There's an alternative of course: go full libertarian. Means, just use a "bank" that doesn't care if its users get hacked. This is what the Bitcoin community enabled. It's there if you want it.

Magnusmaster a day ago | parent | next [-]

I doubt banks or the government would ever white list something like Lineage that's not made by some megacorporation. Also IIRC most phones don't allow you to relock the bootloader after flashing a custom ROM.

hackyhacky a day ago | parent | prev | next [-]

Thanks for clarifying. I was unaware that (2) was a widespread issue.

jacobthesnakob a day ago | parent | prev [-]

>These types of discussions on HN get confused because people aren't always clear what they mean by the word "rooting".

Well it’s more the Dunning Krugerites who see the word “rooting” written by someone in a cyber context, lack that context entirely, and proceed to enter the discussion anyway based on their experience rooting their Android phone 3 years ago after clicking through a few UI buttons.

dvngnt_ a day ago | parent | prev [-]

> A scam app with root can draw over the screen and tell users to transfer money

On android, I believe this can be done rootless via accessibility permissions that can display on top of apps

NoGravitas a day ago | parent [-]

Yes, but you very much have to grant that permission in Settings. An app can't get it non-interactively.

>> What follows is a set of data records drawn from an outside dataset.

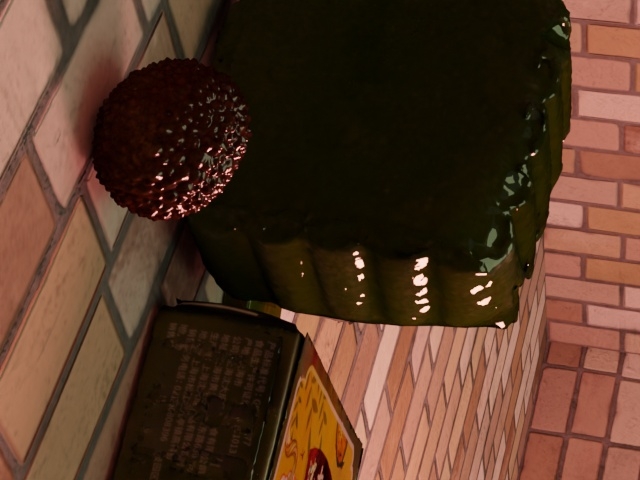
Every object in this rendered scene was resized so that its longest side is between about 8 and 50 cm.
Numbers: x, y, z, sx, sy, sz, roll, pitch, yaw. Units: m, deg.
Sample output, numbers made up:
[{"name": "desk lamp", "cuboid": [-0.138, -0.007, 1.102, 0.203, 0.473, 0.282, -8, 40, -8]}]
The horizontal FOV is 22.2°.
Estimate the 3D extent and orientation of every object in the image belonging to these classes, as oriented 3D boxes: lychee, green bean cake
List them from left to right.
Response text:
[{"name": "lychee", "cuboid": [-0.113, -0.081, 1.245, 0.129, 0.123, 0.123, -46, -164, 45]}, {"name": "green bean cake", "cuboid": [0.057, -0.090, 1.502, 0.218, 0.319, 0.335, 76, 30, -61]}]

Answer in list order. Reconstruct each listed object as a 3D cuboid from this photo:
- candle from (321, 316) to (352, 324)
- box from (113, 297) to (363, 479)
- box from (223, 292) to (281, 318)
[{"name": "candle", "cuboid": [0.009, 0.000, 1.818, 0.168, 0.068, 0.192, -9, 106, -71]}, {"name": "box", "cuboid": [-0.091, 0.316, 1.498, 0.373, 0.138, 0.420, 66, 36, -64]}, {"name": "box", "cuboid": [-0.057, 0.000, 1.663, 0.121, 0.030, 0.193, 27, 72, -74]}]

SkiFire13 a day ago | parent | prev [-]

A rooted android device doesn't run apps as root either, not does it generally allow them to get root access without the user accepting a system prompt.

bakugo a day ago | parent | prev | next [-]

In some countries, it's already impossible to make online payments without the bank's phone app. Only a matter of time until all banking is restricted to phones.

ranger_danger a day ago | parent | prev [-]

Many people also use their bank's app for mobile NFC payments though (more of a thing in EU than US), which you can't easily do with a device that doesn't fit in your pocket.